SUSTENTABILIDADE E SUPER-CONSUMO




A Felicidade não se Compra (It’s a Wonderful Life) é um clássico do cinema de todos os tempos. Produção norte-americana de 1946, direção de Frank Kapra e bela atuação de James Stewart, um dos atores icônicos de Hitchcock.

Em Bedford Falls, cidadezinha do interior dos EUA, às vésperas do Natal, George Bailey (James Stewart), pensa em se matar saltando de uma ponte. Durante toda a sua vida, ele abdicara de estudo e viagens, em favor do irmão mais novo e da continuidade dos negócios da família, após a morte do pai.

Emprestando dinheiro a operários que queriam comprar casa própria, enfrenta sempre a ganância de Henry Potter (Lionel Barrymore), o homem mais rico da região.

Cansado de lutar contra o vilão e muito endividado, George resolve tirar a própria vida. Mas tantas pessoas rezam por ele que Clarence (Henry Travers), um anjo que espera há 220 anos para ganhar asas, é mandado a Terra, para tentar fazer George mudar de idéia.


As lojas e shoppings vêm nos lembrando do Natal a partir do mês de agosto. Desde então já colocaram à venda todos os tipos de enfeites, made in China. Tudo muito over , como manda o figurino da sociedade de consumo.

Essa época do ano explicita nossa esquizofrênica incapacidade de equacionar consumo de curto prazo e sustentabilidade de longo prazo. Como se sabe, e já abordado anteriormente, sustentabilidade é conceito constitucionalizado e pressupõe capacidade de gerar bem estar para as atuais e futuras gerações humanas em condições de equilíbrio.

No entanto, o fenômeno do super-consumo pode ser verificado em níveis macro e micro cada vez com maior intensidade, com o consequente desperdício, que nem é percebido enquanto tal.

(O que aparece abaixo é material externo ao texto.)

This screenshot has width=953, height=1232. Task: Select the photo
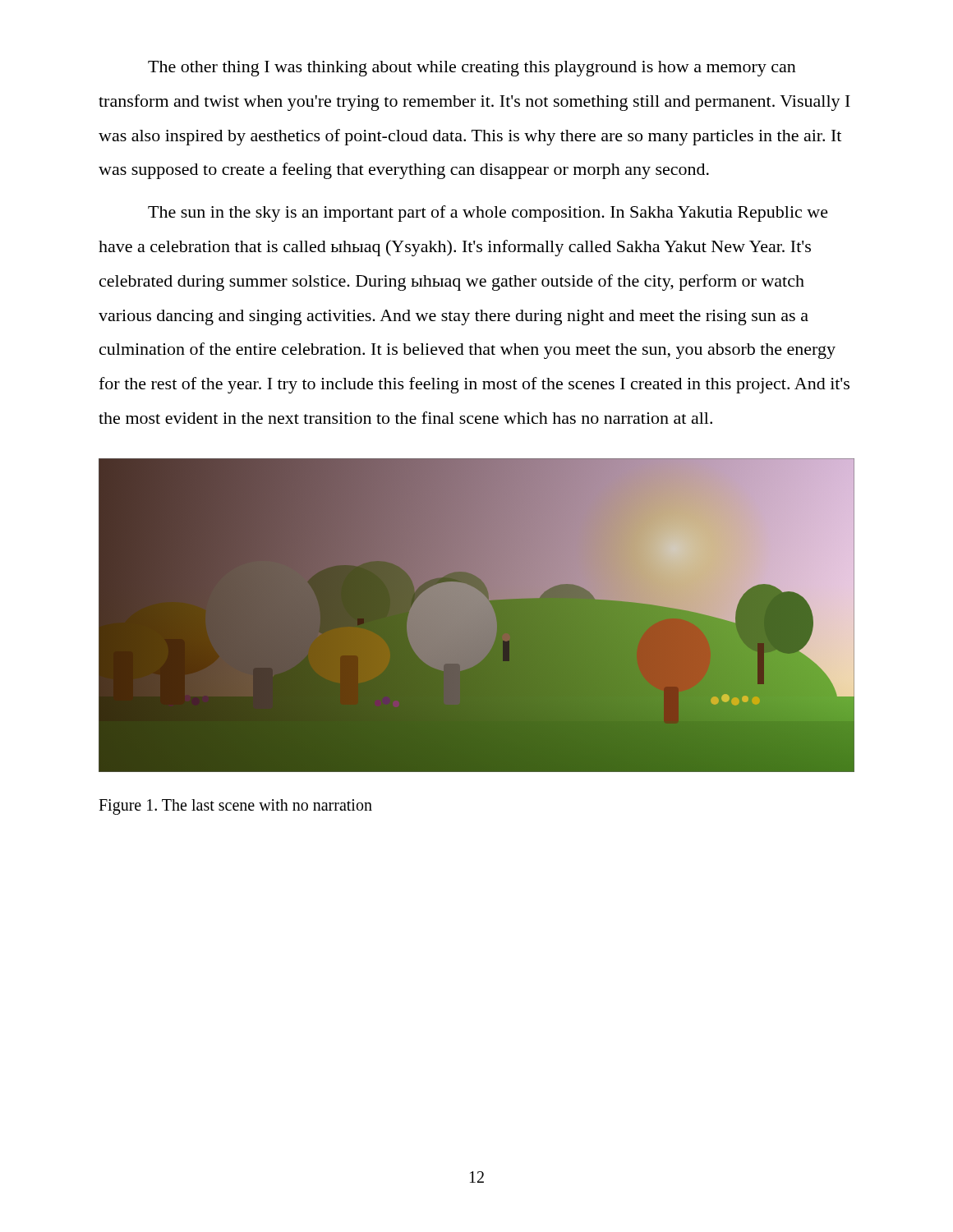(x=476, y=621)

Aliás, o super-consumo é resultado de superprodução, que equivale a desperdício!

Os super-consumistas tornam-se superendividados. Em nível micro, “devo não nego, pago quando puder”. Tratamentos psicológicos, ajuda de familiares. Projetos de diversos Tribunais de Justiça no Brasil tentam equacionar o problema. Seria de fundo moral? Seria algum tipo de síndrome? Tem remédio?

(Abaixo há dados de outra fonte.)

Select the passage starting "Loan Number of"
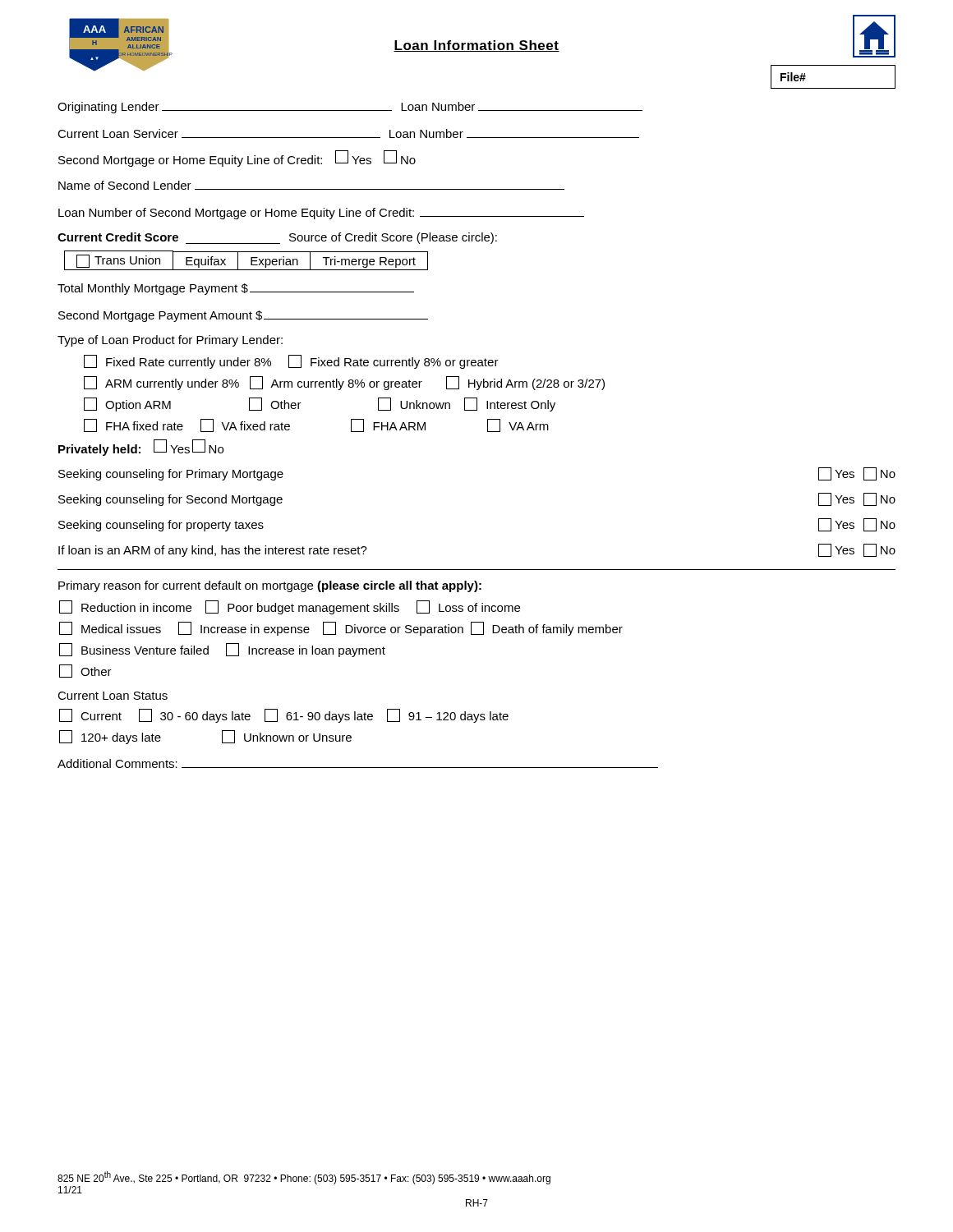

Ainda não existem respostas conclusivas, mas o problema já foi constatado.

Em nível macro: o consumo perdulário é problema moral das sociedades humanas? Estamos todos doentes? A criação de um “Tribunal Internacional de Proteção à Sustentabilidade” traria as soluções viáveis e necessárias?

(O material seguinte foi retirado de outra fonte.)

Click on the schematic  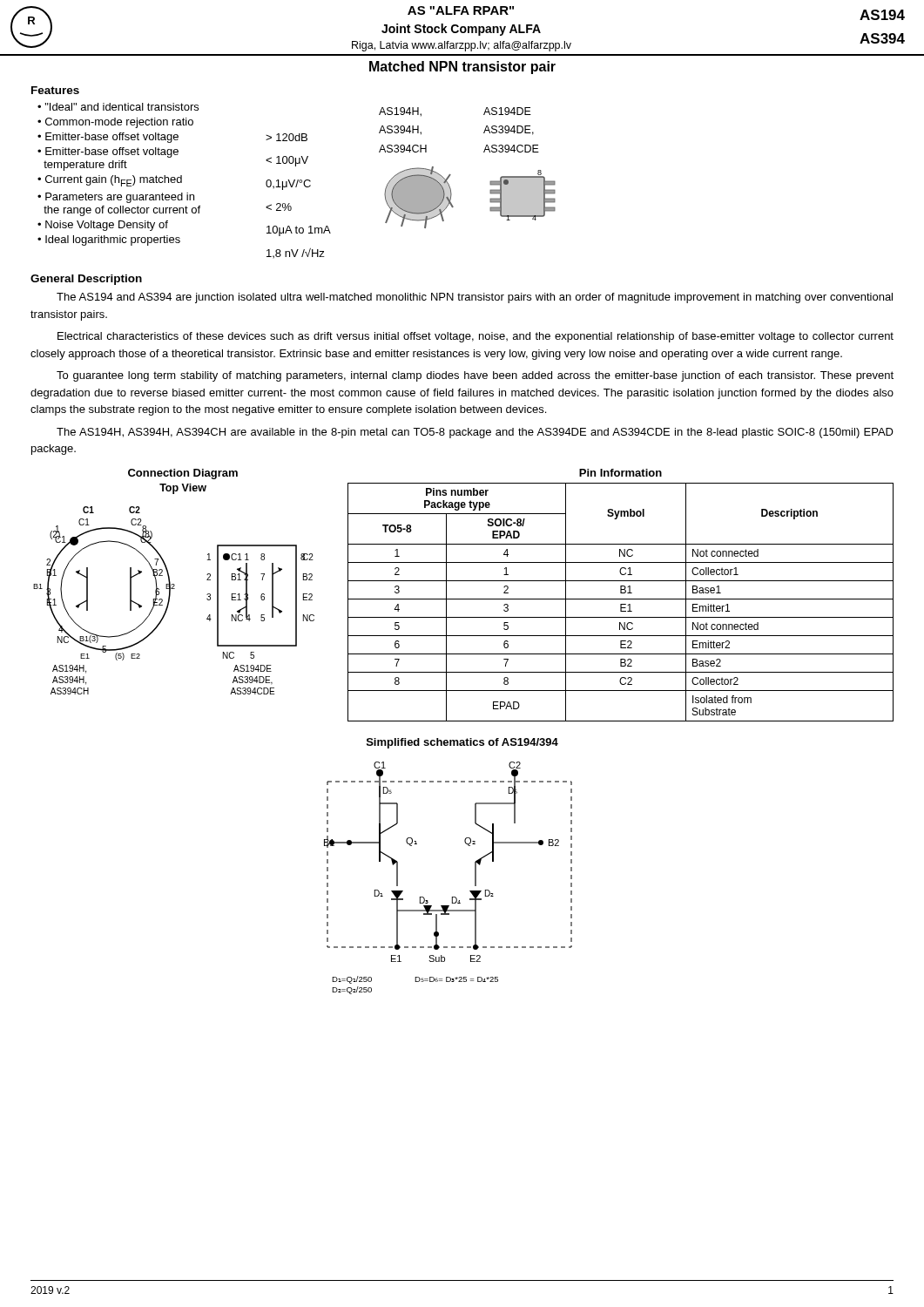pos(462,879)

Afinal, “Essa é uma Vida Maravilhosa” ou “A Felicidade não se Compra”? O personagem de James Stewart no filme em comento tem a chance de voltar ao passado e acompanhar a vida de sua cidadezinha em uma linha de tempo alternativa. Nela, sem a presença do mocinho, o vilão se apoderou da cidade, transformando-a em uma pocilga.

A alternativa, no filme, é encarar o problema e solucioná-lo. George Bailey sobrevive, a cidade comemora. Os dias seguintes serão difíceis, mas quem tem amigos não está desamparado jamais.

A nossa alternativa? Educação ambiental, educação para o consumo. Educação. Exemplo.